Commodore Robin Maynard, the first woman in that role, said “The yacht club is thrilled to partner with the Ranger Sailing Foundation to be able to provide the opportunity to sail to underprivileged children. They fit in great with the other children. It’s been a great experience for everyone.”
In addition to sailing in the junior program, some of the older and more accomplished young sailors have been invited to join Bass on his boat for evening races. In 2007, he took six sailors from the program that were 14 and older to crew his boat for the Around Long Island Race, which is sponsored by the yacht club. Bass said it was the first time a boat competed in the race without an adult crew, and they came in second. He subsequently has taken young crew members a half-dozen times on the race.

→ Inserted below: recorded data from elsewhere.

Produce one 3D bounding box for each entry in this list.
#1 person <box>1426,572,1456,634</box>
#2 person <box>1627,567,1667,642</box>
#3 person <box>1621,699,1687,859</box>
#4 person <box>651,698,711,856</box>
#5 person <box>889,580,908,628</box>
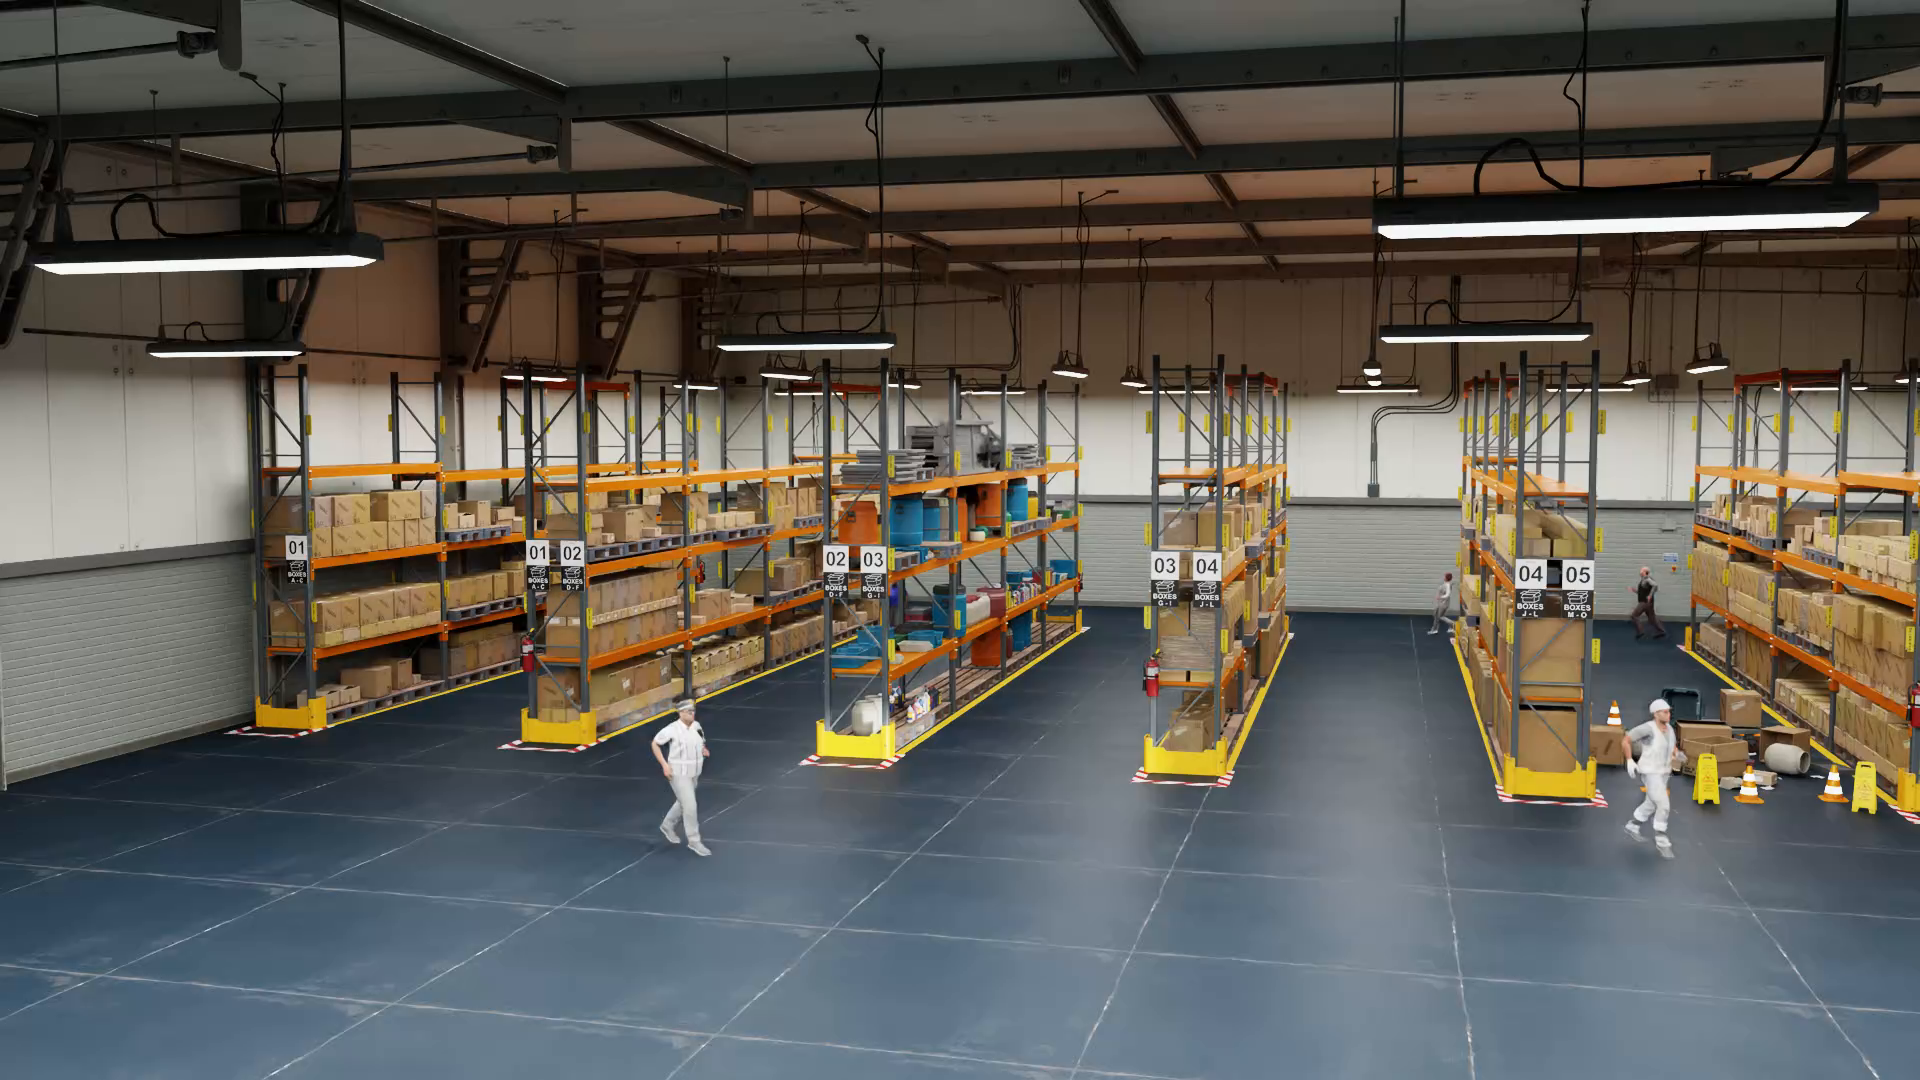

Of the scholarship recipients, Bass said, “I’ve stayed in touch with a couple of them. Some of them have stayed with sailing and some of them moved on. Kids want to do a lot of things, and parents want to put their kids into hockey, tennis and golf, so you have a lot of competition.” Those who have raced on the bigger boats tend to stay with the sport, he added.
Bass operates the junior sailing program on a simple philosophy: “They’re children, and they need to have fun. If they learn to sail, that’s terrific. Some move on to racing because they’re motivated to do that. But we don’t emphasize that here. At other clubs, everything is built on racing. A lot of times that turns kids off. The idea is to keep it interesting and challenging.”